Dynamic Planner’s Willcox welcomes FCA’s cashflow guidance

1 April 2024

Dynamic Planner has welcomed the FCA’s review on improving advice firms’ use of cashflow modelling.

Following concern about how firms prepare and use cash flow modelling, the City watchdog has offered a review of usage and guidance into how to improve quality.

In its review, the FCA has outlined five key findings, after warning firms that harm can be caused to clients if advisers do not consider how clients will interpret the output of cashflow modelling; project forward using returns that are unjustified and don’t result in realistic outcomes; and do not consider the inputs and outputs objectively.

Dynamic Planner’s head actuary Steph Willcox said advice firms using its Cash Flow option could be confident that it meets the FCA’s five findings.

The first finding is firms relying on information without considering accuracy, with the FCA concerned that advisers are using out of data information. Dynamic Planner uses a one-system approach with “Client Access”, where advisers are free to challenge anything that seems unusual or incorrect, enabling conversations on life phases, monetary values, goals and time frames.

Secondly, the FCA said firms must use justifiable rates of return, adding that simply repeating specific patterns of past returns is not appropriate.

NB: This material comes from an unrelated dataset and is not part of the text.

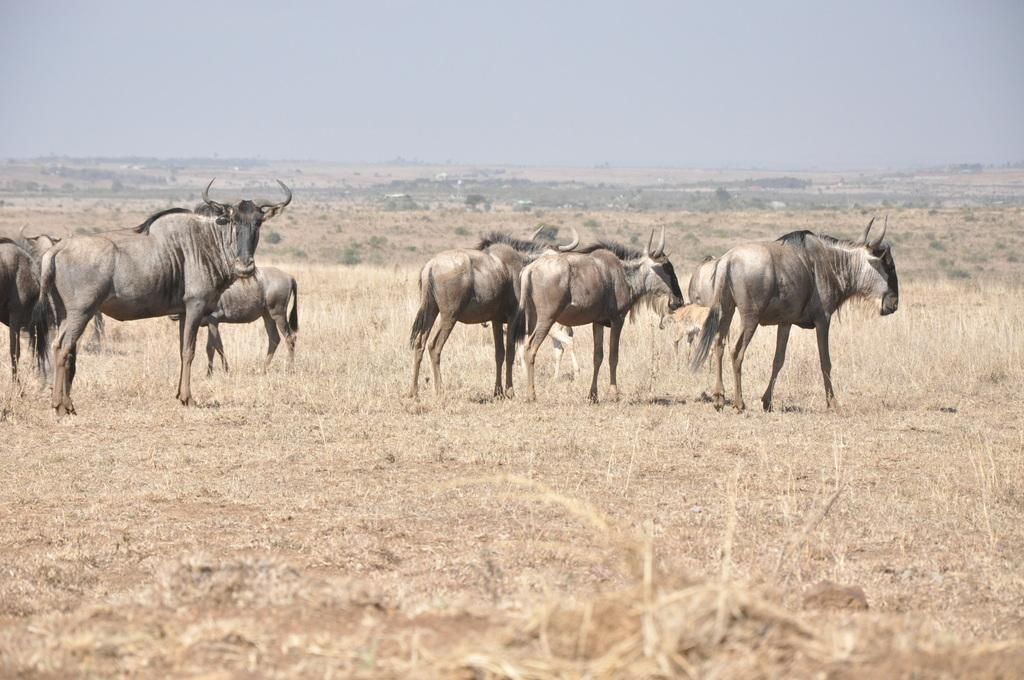What type of animals can be seen on the ground in the image? There are animals on the ground in the image, but the specific type is not mentioned in the facts. What type of vegetation is visible in the image? There is grass visible in the image. What else can be seen in the image besides the animals and grass? There are trees in the image. What is visible in the background of the image? The sky is visible in the image. Can you see any pigs eating berries in the snow in the image? There is no mention of pigs, berries, or snow in the image. The image features animals on the ground, grass, trees, and the sky. 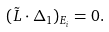<formula> <loc_0><loc_0><loc_500><loc_500>( \tilde { L } \cdot \Delta _ { 1 } ) _ { E _ { i } } = 0 .</formula>

To overcome this, Dynamic Planner has adopted a forward-looking asset risk model providing expectations of real return and volatility for 72 underlying asset classes. It uses the firm’s stochastic Monte Carlo forecaster, which uses monthly projections over thousands of runs to generate a wide range of results and presented from the 5th percentile to the 95th to ensure clients are aware of the results they might achieve.

The FCA has also called upon firms to plan for uncertainty, after its findings revealed that cash flow planning can be misleading for clients when it is poorly explained to them. Dynamic Planner said that it only uses real figures in its cash flow modelling so that clients can understand the purchasing power of their investments at every point in time.

Consumer understanding has also formed part of the FCA’s review, particularly in the wake of Consumer Duty, and it is keen to ensure that all communications received from an adviser are consistent. In response, Dynamic Planner said it uses consistent projections with ‘one definition of risk’ to avoid confusion.

Finally, the FCA has urged firms to consider the output. This means ensuring that advisers are reviewing the information they are about to provide to check it’s appropriate and based on suitable assumptions. Dynamic Planner said it was “encouraged” to see the FCA’s desired approach to cash flow modelling mirror its own, as its cash flow report shows all outputs from the base scenario, including a focused section on how long the client’s portfolio will last.

Willcox adds: “Dynamic Planner Cash Flow is a quick and efficient way to bring a client’s finances to life.  Our stochastic Monte Carlo forecaster projects thousands of runs monthly, to reflect the way that clients spend their money and to ensure that sequencing of returns risk is adequately captured for higher risk investments. Advisers who use Dynamic Planner can feel confident they have a solution for their clients which meets the FCA’s requirements of quality cash flow modelling.”